Trolling for Reservoir Channel Catfish
Fast action for big fish!
By Spencer Bauer, Amy Smith
I like to have fun. That’s what fun people do. They have fun. If you’re a fun person, let me introduce you to one of the best times you could possibly have on the water. Hard fighting fish that smash a rod sitting in a rod holder to the point you question its staying in the boat. That’s trolling for channel catfish.
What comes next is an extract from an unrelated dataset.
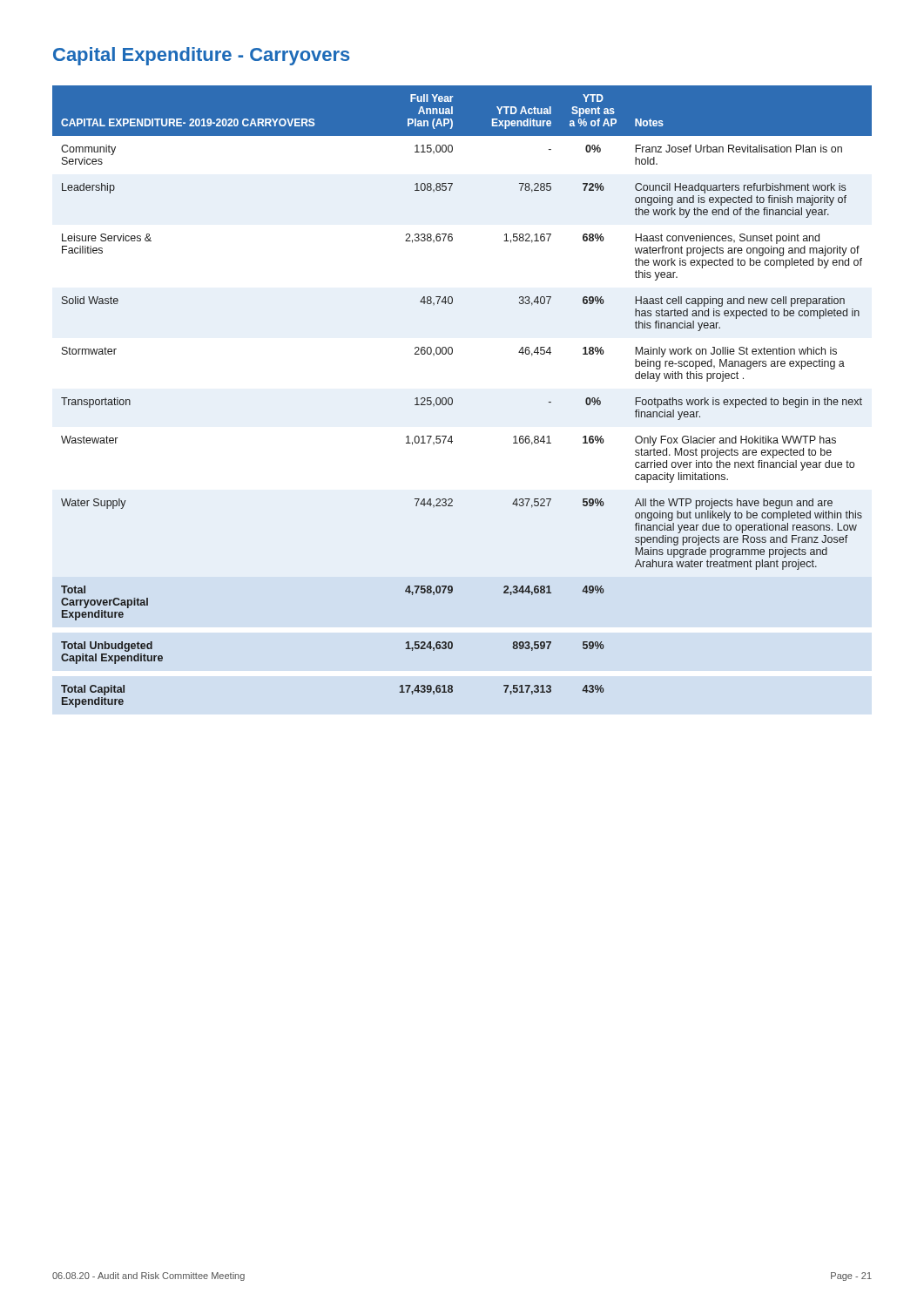Find a table
This screenshot has width=924, height=1307.
click(x=462, y=400)

Many fisherman and woman have perfected this method of fishing, but one of those anglers I’ve had the pleasure of sharing a boat with is Amy Smith of Oxford, Iowa. Amy spends the majority of her time on Iowa Reservoirs, but has used these techniques on multiple bodies of water with great success.
Timing and Tactics
Trolling can be an effective method nearly anytime of the year. Sure, sometimes channel cats are spawning. However, they don’t all spawn at the same time. Sure, with high water, many fish will run up the river and out of the reservoir, but many still stay put.
With all of that being said, when the water in rivers drops after catfish spawn in June, many fish slide down river and back into the reservoir. This creates some of the finest channel catfishing of the year, for both size and numbers. July through September is prime time for fast-paced, in your face channel catfish action that will even make bass fisherman question their fish of choice.
Smith: Speed is important and so is location. You can’t move too fast. We try to keep moving around 0.5 miles per hour. Too slow, and you won’t put your bait in front of as many catfish. Too fast, and they won’t have a chance to eat it.
Smith: We like to try different spots, but usually try to stay close to the old river channel. We will try humps and islands too. If they are biting, we keep fishing that spot. If we aren’t catching anything, we have no problem moving to a different spot.
Tackle and Rigging
Smith: We love our Whisker Seeker fishing rods. The heavy and medium heavy actions in lengths of 7’ 6” and 9’ 6” are great for this kind of fishing. They have a light enough action to allow a circle hook to land in the corner of the fish’s mouth and enough power to land channel catfish over 20 pounds. For reels, the Okuma Citrix and other low profile bait casters work well.
Smith: We try a lot of different things with rigs. We usually use a one to two ounce sinker, but other than that we will try different stuff until the fish tell us what they want. We try Rattle Floats, PP-Seekers, Versa Rattles, and the Ultra Chub, all made by Whisker Seeker. The Versa Rattles can be added to any rig and the catfish really seem to like them. Our favorite hooks are 6/0 Triple Threat Circle Hooks.
Tricks of the Trade
Trolling doesn’t have to be complex, but there are a few items that will make the process much more efficient. The more efficient you are, the more time you will spend fishing. This usually leads to more fish on the hook.
Smith: Once we pick a spot, we drop down the trolling motor and throw a drift sock out of the back of the boat. If it’s really windy, we will use two. The reason we use a drift sock out of the back of the boat is to keep the boat from swaying.
Smith: When you reduce your speed so much, wind can really make the back of your boat swing back and forth. The drift sock helps a lot with this. When driving the trolling motor, you really have to pay attention to your speed. If there is very much wind at all, it can really speed you up.
Trolling for channel catfish on reservoirs and lakes is often nothing short of spectacular. Catches of 20, 50, even 60 fish ranging from up to 15 pounds are common place in the upper Midwest where Smith does the majority of her fishing. Give these tactics a try and make sure your rod holders are bolted well to your boat.